Today, in attack and defense in the world to do a password problem, need to use the password runner Jefferson, hereby record it.
We look at the original title
Password Jefferson runner Principle : Thomas - Jefferson encrypted by turning three strings strings, the first portion of the encrypted table, the second part is a key, the third portion into ciphertext. Table is encrypted using the key and we need to encrypt the ciphertext, the specific process is as follows: First check the first character of the key 2, so we need to find the table to the encryption of the data line 2 2: <KPBELNACZDTRXMJQOYHGVSFUWI < . Recycling the first character of ciphertext is rotated N, N acting here is a character after the first rotation is the N, where is the rotation cycle (i.e., after the letter z is a).
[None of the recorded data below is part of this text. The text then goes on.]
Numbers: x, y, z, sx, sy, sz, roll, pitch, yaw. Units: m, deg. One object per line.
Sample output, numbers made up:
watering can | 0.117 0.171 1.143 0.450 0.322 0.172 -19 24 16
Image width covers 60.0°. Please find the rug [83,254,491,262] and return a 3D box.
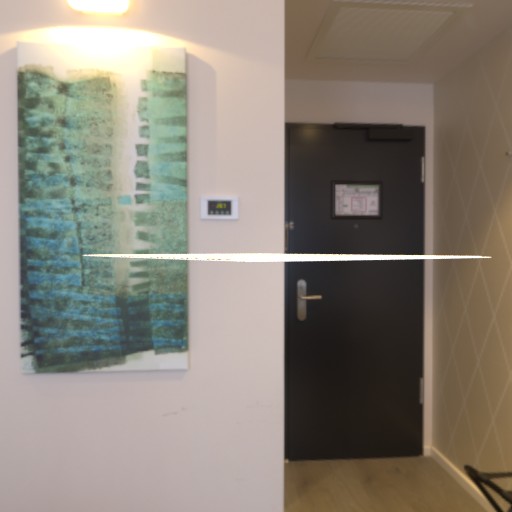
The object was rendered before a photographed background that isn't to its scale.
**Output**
rug | 0.000 0.000 2.034 1.146 0.006 1.556 -1 1 -35
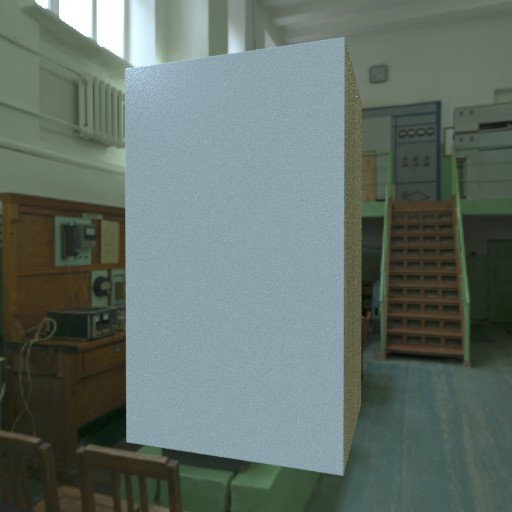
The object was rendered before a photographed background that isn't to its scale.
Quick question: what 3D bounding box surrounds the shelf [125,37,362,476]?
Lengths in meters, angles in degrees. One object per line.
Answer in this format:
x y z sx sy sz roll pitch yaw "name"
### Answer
0.000 0.000 0.797 0.350 0.600 0.290 0 1 18 "shelf"
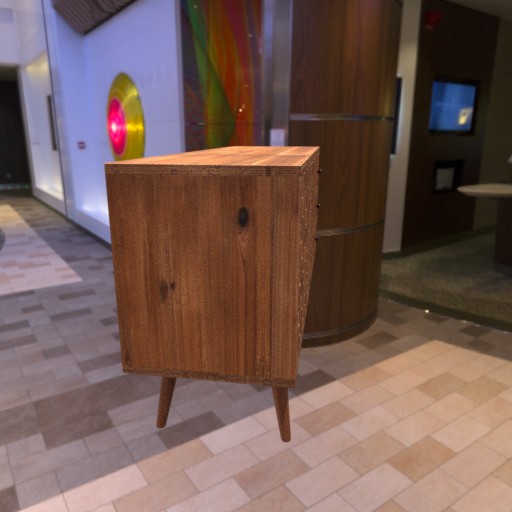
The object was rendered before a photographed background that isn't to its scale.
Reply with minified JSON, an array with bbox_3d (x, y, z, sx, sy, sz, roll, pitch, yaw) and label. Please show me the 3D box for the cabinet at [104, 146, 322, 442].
[{"bbox_3d":[0.000,0.000,1.747,0.472,0.800,1.400,3,16,9],"label":"cabinet"}]
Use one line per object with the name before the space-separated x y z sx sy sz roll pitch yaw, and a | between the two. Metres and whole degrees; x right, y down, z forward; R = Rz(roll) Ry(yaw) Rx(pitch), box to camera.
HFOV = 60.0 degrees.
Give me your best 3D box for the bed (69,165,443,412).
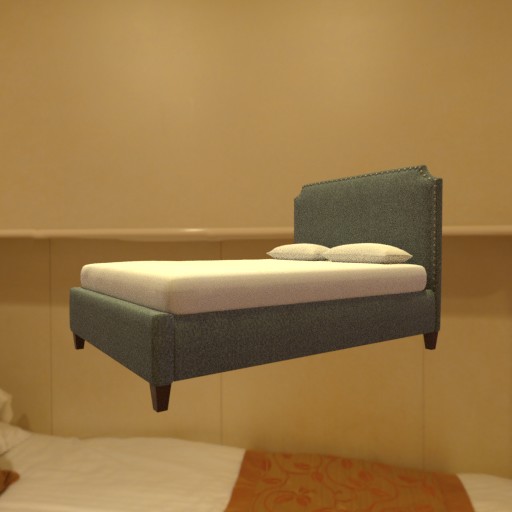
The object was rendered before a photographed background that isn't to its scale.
bed | 0.000 0.000 3.431 2.372 1.443 1.712 -1 2 -35
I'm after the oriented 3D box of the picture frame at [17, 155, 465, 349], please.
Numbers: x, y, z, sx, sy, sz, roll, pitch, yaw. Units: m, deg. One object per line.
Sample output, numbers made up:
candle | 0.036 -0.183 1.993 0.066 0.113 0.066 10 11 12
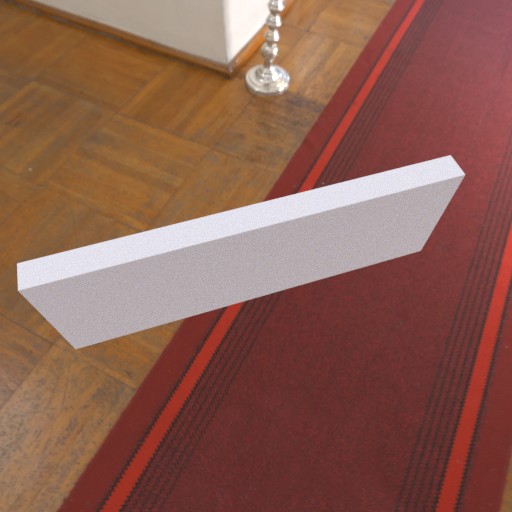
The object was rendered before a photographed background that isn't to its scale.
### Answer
picture frame | 0.000 0.000 0.839 0.759 0.250 0.050 -15 59 -9
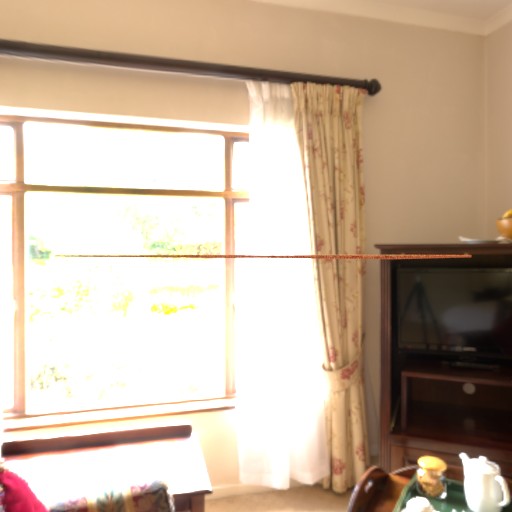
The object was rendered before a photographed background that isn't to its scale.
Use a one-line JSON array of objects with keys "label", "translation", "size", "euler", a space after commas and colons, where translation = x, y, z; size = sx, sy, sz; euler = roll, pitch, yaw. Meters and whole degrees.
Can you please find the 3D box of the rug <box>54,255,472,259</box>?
[{"label": "rug", "translation": [0.000, 0.000, 3.040], "size": [2.438, 0.015, 1.524], "euler": [0, 0, 36]}]
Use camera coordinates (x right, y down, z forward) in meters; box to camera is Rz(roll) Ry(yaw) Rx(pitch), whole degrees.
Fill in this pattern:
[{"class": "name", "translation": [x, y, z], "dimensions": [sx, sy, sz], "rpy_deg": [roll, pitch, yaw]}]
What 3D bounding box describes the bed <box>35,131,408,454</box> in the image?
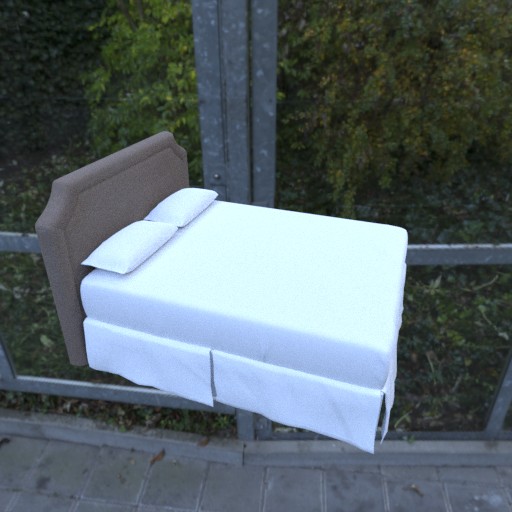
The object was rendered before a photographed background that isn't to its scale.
[{"class": "bed", "translation": [0.000, 0.000, 3.119], "dimensions": [2.116, 1.290, 1.693], "rpy_deg": [10, 31, 17]}]
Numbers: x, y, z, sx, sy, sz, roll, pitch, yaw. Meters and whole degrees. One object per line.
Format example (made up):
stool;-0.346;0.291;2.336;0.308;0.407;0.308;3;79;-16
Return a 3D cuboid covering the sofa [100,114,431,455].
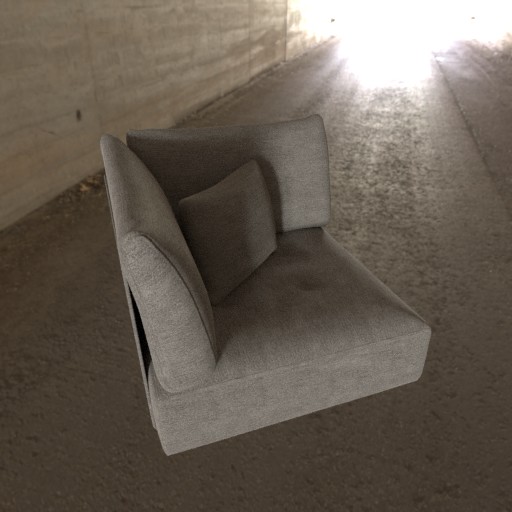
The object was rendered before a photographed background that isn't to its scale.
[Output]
sofa;0.000;0.000;1.713;1.000;0.820;1.000;-10;31;-17
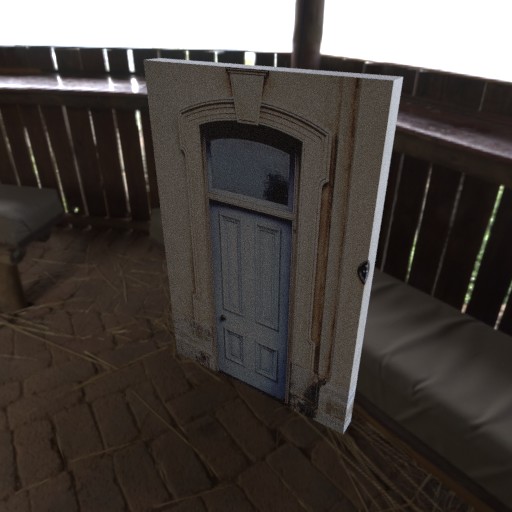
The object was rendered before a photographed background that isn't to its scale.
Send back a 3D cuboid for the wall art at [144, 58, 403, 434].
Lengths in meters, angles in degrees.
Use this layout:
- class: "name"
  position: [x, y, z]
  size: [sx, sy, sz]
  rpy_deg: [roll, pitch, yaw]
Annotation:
- class: "wall art"
  position: [0.000, 0.000, 0.770]
  size: [0.403, 0.607, 0.036]
  rpy_deg: [18, 34, 28]
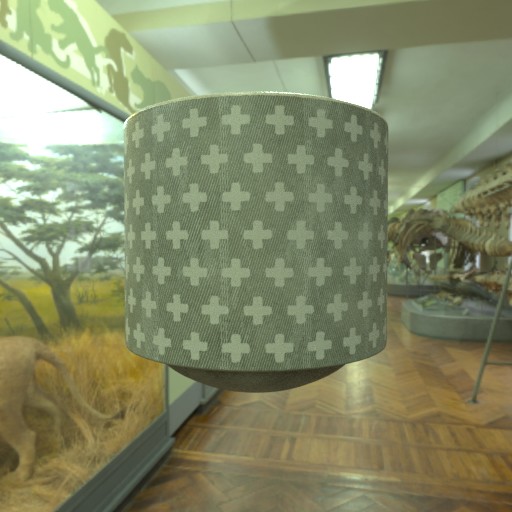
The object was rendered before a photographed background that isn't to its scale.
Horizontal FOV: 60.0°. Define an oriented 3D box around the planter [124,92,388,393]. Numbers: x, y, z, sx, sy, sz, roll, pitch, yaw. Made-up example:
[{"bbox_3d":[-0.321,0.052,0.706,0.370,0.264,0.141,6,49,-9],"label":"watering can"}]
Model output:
[{"bbox_3d":[0.000,0.000,0.334,0.190,0.181,0.190,0,2,0],"label":"planter"}]
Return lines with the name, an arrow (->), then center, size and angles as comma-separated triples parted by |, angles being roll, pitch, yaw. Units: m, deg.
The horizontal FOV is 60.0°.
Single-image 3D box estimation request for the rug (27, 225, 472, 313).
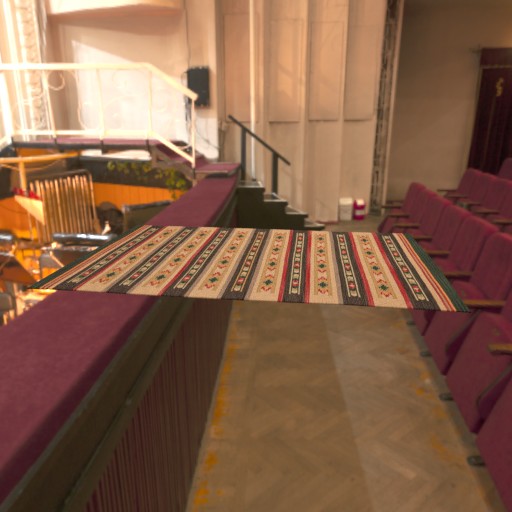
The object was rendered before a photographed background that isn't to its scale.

Similarly, after the keys for the same operation. Here Gangster put the script written by:
. 1 - * - Coding: UTF-. 8 - * - 2 Import Re . 3 text = "" . 4 with Open ( " wheelcipher.txt " , " R & lt " , encoding = " UTF-. 8 " ) AS F: . 5 text = F. read () . 6 # Print (text) to see if the full read . 7 code = [] # character extracted in here . 8 code = the re.findall (R & lt " <(. *) < " , text) . 9 for I in Range (len (code)): 10 code [I] =code [I] .strip () . 11 Print (code) 12 is codetext = " NFQKSEVOQOFNP " 13 is codeNum = " 2,3,7,5,13,12,9,1,8,10,4,11,6 " 14 = codenum.split codeNum ( " , " ) # these figures are inside to get a 15 # Print (codeNum) 16 a = 0 . 17 Print ( " decrypted: " ) 18 is for I in codeNum: . 19 index code = [int (I) -1 ] .index (codetext [A]) 20 is A = A +. 1 21 is code [int (I) -1] = code [int (I) -1] [index:] + code [int (I) -1 ] [: index] 22 is Print (code [int (I) -1 ] ) 23 is 24 # finished deformed 25 26 is Print ( " Here is each column " ) 27 for I in Range (len (code [0])): 28 STR = "" 29 Print ( " first {} column is : " .format (I), End = " " ) 30 for J in codeNum: 31 is STR + = code [int (J) -1 ] [I] 32 print(str.lower())
Then after execution is
With each column means that all rows decrypted letters a one output, the last problem is the flag where I saw parsing of others, they say the first 17, the answer is indeed correct, but I did not find Why, do you want one a try it? Which big brother Wang know it can tell, very grateful!